Es sei höchste Zeit zu handeln, erklärte Sikorski mit einem Verweis auf die polnische Geschichte, wo verspätete Reformen zu Krise und Zerfall geführt hätten. Dabei komme Deutschland als „unverzichtbarer Nation“ der Gemeinschaft eine Schlüsselrolle zu – aller  internationaler Kritik an der Berliner Politik und allen Ängsten vor deutscher Dominanz zum Trotz. Über die bisherigen Sofortmaßnahmen hinaus bedürfe es neuer, substanzieller Integrationsschritte in der EU, bis hin zu einer weiteren Revision der Gemeinschaftsverträge, einem „new European Deal“. Ein Scheitern der Eurozone gefährde die Union insgesamt.

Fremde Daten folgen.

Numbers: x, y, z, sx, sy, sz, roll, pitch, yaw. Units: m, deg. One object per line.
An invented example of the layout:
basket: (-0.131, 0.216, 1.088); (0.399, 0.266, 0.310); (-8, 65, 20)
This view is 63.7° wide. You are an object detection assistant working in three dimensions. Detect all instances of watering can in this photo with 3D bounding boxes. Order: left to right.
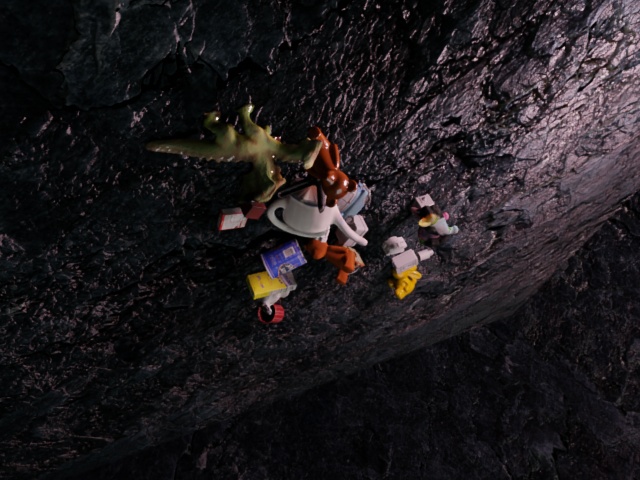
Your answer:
watering can: (0.005, -0.083, 1.647); (0.347, 0.106, 0.219); (12, 137, -5)

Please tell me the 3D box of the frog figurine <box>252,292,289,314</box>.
frog figurine: (-0.193, 0.206, 2.075); (0.162, 0.123, 0.134); (-57, 147, -20)

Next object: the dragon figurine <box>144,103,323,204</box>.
dragon figurine: (-0.192, -0.194, 1.254); (0.412, 0.247, 0.119); (-19, 154, -16)

Nun gelte es, die gemeinschaftlichen Institutionen und Instrumente zu stärken, vor allem die Europäische Zentralbank – nicht nur für die Rettung angeschlagener Euro-Staaten, sondern auch für die Wahrung der Finanzdisziplin. Die EZB müsse zu einer „echten Zentralbank“ ausgebaut werden. Auf die deutschen Bedenken gegen eine derartige Erweiterung des Aufgabenspektrums der Bank entgegnete Sikorski: „Die Gefahr eines Kollaps der Eurozone ist derzeit größer als die Inflationsgefahr.“ Es sei nicht sicher, ob der EU-Binnenmarkt ohne den Euro überlebe. Auch die EU-Kommission müsse künftig über Sanktionsinstrumente gegenüber nationalen Haushaltssündern verfügen. Einer reformierten, deutlich verkleinerten Kommission könne künftig auch ein europäischer Finanzminister angehören, so der Minister auf eine Publikumsfrage.

Polen als Problemlöser

Wird Polen, obgleich noch nicht Mitglied der Eurozone, bei der Überwindung der Schuldenkrise und der Stabilisierung des Euro tatkräftig mithelfen? Keine Sorge, beantwortete Sikorsi die Frage, die sein deutscher Kollege Guido Westerwelle in der Anmoderation gestellt hatte: „Ein Scheitern der Eurozone stellt für Polen die größte Gefahr dar“. Sein Land werde in Kürze die Euro-Kriterien erfüllen und habe den Beitritt zur Eurozone fest im Blick, auch wenn die derzeitige Krise nicht unbedingt dazu beitrage, die Stimmung im Land gegenüber der Gemeinschaftswährung zu verbessern. Polen stehe nicht zuletzt dank einer konsequenten Reformpolitik wirtschaftlich gut da und weise erfreuliche Wachstumsraten auf – kurzum: „keine Quelle von Problemen, sondern ein Problemlöser“. Es werde Deutschland bei der Wahrnehmung seiner Führungsaufgabe in Europa unterstützen.